HPD interval for the mean

Suppose we have iid observation with the following model $Y_t \sim \mathcal{N}(\mu,1/\mu) , t=1,2,..T$

The question is " Assuming a flat prior on $(0 ,\infty )$ find a 95% HPD interval for $\mu"$

The aditional information that the problem gives is: $T=6; \sum{y_i}^{2}=76;\sum{y_i}=18$

this is my first try, $p(\mu)=\mu^{-1}1_{y>0}$ then

$\begin{eqnarray*} p(\mu\vert Y) & \propto & p(Y \vert \mu) p(\mu) & \propto \mu^{T}\exp[\sum{(-\mu/2){}(y_i-\mu)}^{2} ] \mu^{-1}1_{y>0} \end{eqnarray*}$

$Pr(\mu ϵ C│y)=\int_{a}^{b}p(\mu\vert Y)d\mu=\int_{a}^{b} \mu^{T-1}\exp[\sum{(-\mu/2){}(y_i-\mu)}^{2} ] 1_{y>0}d\mu=0.95$

I think this problem doesn´t have an analytical solution, so the solution is numeric. The question is which algorithm ,step by step, can I use to solve it .

Update

$\sum{(y_i-\mu)}^{2}= \sum{y_i}^{2}-2\mu\sum{y_i}+T\mu^{2}=76-36\mu+6\mu^{2}$ $\ (-\mu/2) \sum{(y_i-\mu)}^{2}= -38\mu+18\mu^{2}-3\mu^{3}$

$Pr(\mu ϵ C│y)=\int_{a}^{b}p(\mu\vert Y)d\mu=\int_{a}^{b} \mu^{5}\exp[-38\mu+18\mu^{2}-3\mu^{3} ] 1_{y>0}d\mu=0.95$

    %%Matlab Code
a=0.0001;b=0.0001;step=0.0001;
x=[a:step:1];
fx= x.^(5).*exp(-38.*x+18.*(x.^2)-3.*(x.^3)); plot(x,fx)


How can I find (a,b) that give me a 0.95 credible region with the minimum distiance between a and b

• You need a numerical approximation of the inverse cumulative function, otherwise you can simulate from the posterior and use a procedure to get the HPD based on a sample. Aug 24 '14 at 21:38
• @StéphaneLaurent Thanks for your answer. Can you give some code, or some reference to an example with an analogous solution? Aug 24 '14 at 22:00
• I don't know Matlab. Aug 25 '14 at 5:53
• Presumably "HPD" = "Highest Posterior Density". The interval you find should extend from $0.04713$ to $0.3946$.
– whuber
Aug 25 '14 at 14:42
• Thanks @whuber for your answer. I don´t know how you find such interval ; May be I was not clear; my question is :how to find a pseudocode (or a code in any language) that give me the exact length of the interval Aug 25 '14 at 17:09

In brief, given an array of $x, p(x)$ pairs:

• Sort the array by $p(x)$, decreasing.
• Find the first element for which the cumulative sum of density of the sorted array is $\ge 1 - \alpha$.
• Find the array elements with $p(x)\ge$ this element's density. These $x$ values form the highest density interval(s).

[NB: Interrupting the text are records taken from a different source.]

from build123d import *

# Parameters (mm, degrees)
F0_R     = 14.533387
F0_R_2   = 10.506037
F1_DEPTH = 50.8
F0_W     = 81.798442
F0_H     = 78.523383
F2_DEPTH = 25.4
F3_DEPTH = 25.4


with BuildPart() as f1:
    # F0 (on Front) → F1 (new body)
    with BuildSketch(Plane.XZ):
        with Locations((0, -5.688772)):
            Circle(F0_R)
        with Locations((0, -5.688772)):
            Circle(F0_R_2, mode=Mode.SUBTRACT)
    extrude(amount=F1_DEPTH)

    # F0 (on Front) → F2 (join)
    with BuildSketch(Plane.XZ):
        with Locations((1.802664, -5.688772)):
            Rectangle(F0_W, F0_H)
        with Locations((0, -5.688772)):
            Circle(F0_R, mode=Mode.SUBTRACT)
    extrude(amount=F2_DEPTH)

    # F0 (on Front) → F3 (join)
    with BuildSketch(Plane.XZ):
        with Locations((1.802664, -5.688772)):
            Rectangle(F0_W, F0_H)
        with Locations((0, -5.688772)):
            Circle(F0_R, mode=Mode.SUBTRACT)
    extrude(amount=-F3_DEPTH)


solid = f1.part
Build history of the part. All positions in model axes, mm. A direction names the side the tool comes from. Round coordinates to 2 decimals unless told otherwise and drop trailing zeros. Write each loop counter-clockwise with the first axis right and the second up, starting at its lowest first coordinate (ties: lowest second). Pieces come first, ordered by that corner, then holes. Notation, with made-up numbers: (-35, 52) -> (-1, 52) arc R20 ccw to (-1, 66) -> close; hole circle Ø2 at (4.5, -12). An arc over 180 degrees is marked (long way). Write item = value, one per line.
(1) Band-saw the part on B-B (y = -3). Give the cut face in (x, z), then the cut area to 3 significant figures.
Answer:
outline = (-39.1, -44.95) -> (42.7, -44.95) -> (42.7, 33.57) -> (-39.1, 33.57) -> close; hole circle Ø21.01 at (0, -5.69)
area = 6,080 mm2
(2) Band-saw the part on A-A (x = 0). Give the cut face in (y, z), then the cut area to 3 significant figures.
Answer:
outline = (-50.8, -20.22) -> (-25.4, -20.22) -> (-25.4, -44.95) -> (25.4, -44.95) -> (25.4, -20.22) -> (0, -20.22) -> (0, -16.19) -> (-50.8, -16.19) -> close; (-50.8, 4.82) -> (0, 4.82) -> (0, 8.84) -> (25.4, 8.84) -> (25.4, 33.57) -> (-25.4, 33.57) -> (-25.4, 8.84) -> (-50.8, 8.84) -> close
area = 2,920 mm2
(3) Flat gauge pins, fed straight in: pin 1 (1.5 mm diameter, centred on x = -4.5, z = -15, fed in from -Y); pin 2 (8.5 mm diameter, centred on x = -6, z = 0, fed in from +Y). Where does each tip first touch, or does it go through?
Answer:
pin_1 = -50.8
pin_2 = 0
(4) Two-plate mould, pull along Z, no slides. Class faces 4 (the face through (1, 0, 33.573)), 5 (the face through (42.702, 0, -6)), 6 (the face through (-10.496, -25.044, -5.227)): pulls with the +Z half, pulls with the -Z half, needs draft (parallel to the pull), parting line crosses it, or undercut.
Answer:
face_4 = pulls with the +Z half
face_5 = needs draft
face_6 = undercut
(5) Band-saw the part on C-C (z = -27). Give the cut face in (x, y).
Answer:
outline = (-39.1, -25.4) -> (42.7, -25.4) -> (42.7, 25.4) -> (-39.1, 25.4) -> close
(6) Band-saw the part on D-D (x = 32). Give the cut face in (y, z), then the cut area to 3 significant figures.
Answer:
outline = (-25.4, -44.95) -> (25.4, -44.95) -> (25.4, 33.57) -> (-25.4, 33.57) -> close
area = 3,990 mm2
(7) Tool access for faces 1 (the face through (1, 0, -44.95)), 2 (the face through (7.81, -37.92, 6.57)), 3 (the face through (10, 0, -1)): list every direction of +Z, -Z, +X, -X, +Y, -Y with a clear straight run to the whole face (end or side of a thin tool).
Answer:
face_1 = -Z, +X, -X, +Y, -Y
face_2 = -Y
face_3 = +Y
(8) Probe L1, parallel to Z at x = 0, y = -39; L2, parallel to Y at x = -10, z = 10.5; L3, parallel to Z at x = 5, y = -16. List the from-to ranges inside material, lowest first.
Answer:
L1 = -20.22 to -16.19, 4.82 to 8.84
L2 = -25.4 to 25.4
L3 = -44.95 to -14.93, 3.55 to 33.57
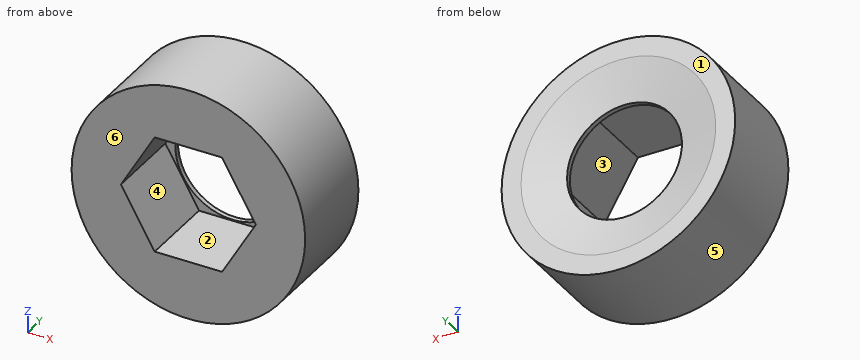
```python
from build123d import *

# Parameters (mm, degrees)
SKETCH1_R           = 12
BOSS_EXTRUDE1_DEPTH = 8
SKETCH2_R           = 12
SKETCH2_R_2         = 5.9
BOSS_EXTRUDE2_DEPTH = 1.6
SKETCH3_R           = 10
CUT_EXTRUDE1_DEPTH  = 1.1
CUT_EXTRUDE1_TAPER  = 75


with BuildPart() as part:
    # Sketch1 → Boss-Extrude1 (new body)
    with BuildSketch(Plane(origin=(0, 0, 0), x_dir=(1, 0, 0), z_dir=(0, 1, 0))):
        Circle(SKETCH1_R)
        Polygon((3.464101615, 6), (-3.464101615, 6), (-6.92820323, 0), (-3.464101615, -6), (3.464101615, -6), (6.92820323, 0), align=None, mode=Mode.SUBTRACT)
    extrude(amount=BOSS_EXTRUDE1_DEPTH)

    # Sketch2 → Boss-Extrude2 (add)
    with BuildSketch(Plane(origin=(0, 8, 0), x_dir=(1, 0, 0), z_dir=(0, 1, 0))):
        Circle(SKETCH2_R)
        Circle(SKETCH2_R_2, mode=Mode.SUBTRACT)
    extrude(amount=BOSS_EXTRUDE2_DEPTH)

    # Sketch3 → Cut-Extrude1 (cut)
    with BuildSketch(Plane(origin=(0, 9.6, 0), x_dir=(1, 0, 0), z_dir=(0, 1, 0))):
        Circle(SKETCH3_R)
    extrude(amount=-CUT_EXTRUDE1_DEPTH, taper=CUT_EXTRUDE1_TAPER, mode=Mode.SUBTRACT)


solid = part.part
```
Work out the finished part from the listing and answer in its coordinate system (mm). Face numbers are marked on the shaded views. A direction names the side the tool comes from. Coordinates: 2 decimals unless noted, no trailing zeros. Order: outer loops, then holes, each group sorted by start corner. A loop starts at its lowest first (then second) coordinate and runs counter-clockwise, first axis right, second up. Notation, with made-up numbers: (69.25, 88.5) - (102.25, 88.5) arc R31 cw to (102.25, 115.5) - close; hole circle Ø5 at (-20, 66.25). An arc over 180 degrees is marked (long way). Answer as a JSON object with one key per item and string values.
1. The mould has two halves that part along X. Classify the marked faces 3, 4, 5 and 6: +X half, -X half, draft (parallel to the pull), parting line (faces both ways), or undercut.
Output values:
{"face 3": "undercut", "face 4": "undercut", "face 5": "parting line", "face 6": "draft"}
2. Find section A-A on x = 0. Determine the outline of the cut face in (y, z), plus the area to 3 significant figures.
Output values:
{"outline": "(0, -12) - (9.6, -12) - (9.6, -10) - (8.5, -5.9) - (8, -5.9) - (8, -6) - (0, -6) - close; (0, 6) - (8, 6) - (8, 5.9) - (8.5, 5.9) - (9.6, 10) - (9.6, 12) - (0, 12) - close", "area": "111 mm²"}
3. Consider line 1 (Z direction, x = 0, y = 8.1); line 2 (Z direction, x = 0, y = 1). Determine where each line is inside the solid, lowest interval first.
Output values:
{"line 1": "z = -12 to -5.9, 5.9 to 12", "line 2": "z = -12 to -6, 6 to 12"}
4. Each of these flat-tipped pins is pushed along its axis until it touches: P1, Ø2, axis at y = 3, z = -4.5, coming from the -X side; P2, Ø10, axis at x = 5.5, z = -4, coming from the +Y side; P3, Ø2, axis at x = -9.5, y = 6, coming from the -Z side; P4, Ø3, axis at x = -8.5, y = 5, coming from the +Z side. Where does it stop, or does it pass through?
Output values:
{"P1": "stops at x = -11.48", "P2": "stops at y = 9.6", "P3": "stops at z = -8.47", "P4": "stops at z = 9.75"}
5. A tool of negligible diameter and unlimited length cuts with its end or side. For the marked faces 1 and 2, from which of +Z, -Z, +X, -X, +Y, -Y can it reach the whole face along a straight path? Write none if from no direction.
Output values:
{"face 1": "+Z, -Z, +X, -X, +Y", "face 2": "-Y"}
6. Find section B-B on y = 7.25. Determine the outline of the cut face in (x, z), plus the area to 3 significant figures.
Output values:
{"outline": "circle Ø24 at (0, 0); hole (-6.93, 0) - (-3.46, -6) - (3.46, -6) - (6.93, 0) - (3.46, 6) - (-3.46, 6) - close", "area": "328 mm²"}

Here's an example implementation in R, from the code associated with Doing Bayesian Data Analysis:

HDIofGrid = function( probMassVec , credMass=0.95 ) {
# Arguments:
#   probMassVec is a vector of probability masses at each grid point.
#   credMass is the desired mass of the HDI region.
# Return value:
#   A list with components:
#   indices is a vector of indices that are in the HDI
#   mass is the total mass of the included indices
#   height is the smallest component probability mass in the HDI
# Example of use: For determining HDI of a beta(30,12) distribution
#   approximated on a grid:
#   > probDensityVec = dbeta( seq(0,1,length=201) , 30 , 12 )
#   > probMassVec = probDensityVec / sum( probDensityVec )
#   > HDIinfo = HDIofGrid( probMassVec )
#   > show( HDIinfo )
sortedProbMass = sort( probMassVec , decreasing=T )
HDIheightIdx = min( which( cumsum( sortedProbMass ) >= credMass ) )
HDIheight = sortedProbMass[ HDIheightIdx ]
HDImass = sum( probMassVec[ probMassVec >= HDIheight ] )
return( list( indices = which( probMassVec >= HDIheight ) ,
mass = HDImass , height = HDIheight ) )
}


My own in python, adapted from the above:

def hdi(x, fx, alpha):
"""
Given x and fx, returns hdi
"""
sfx = fx.copy()
sfx.sort()
sfx[:] = sfx[::-1]
lowestHeightIdx = np.min(np.where(np.cumsum(sfx) > (1. - alpha)))
lowestHeight = sfx[lowestHeightIdx]
return x[fx >= lowestHeight]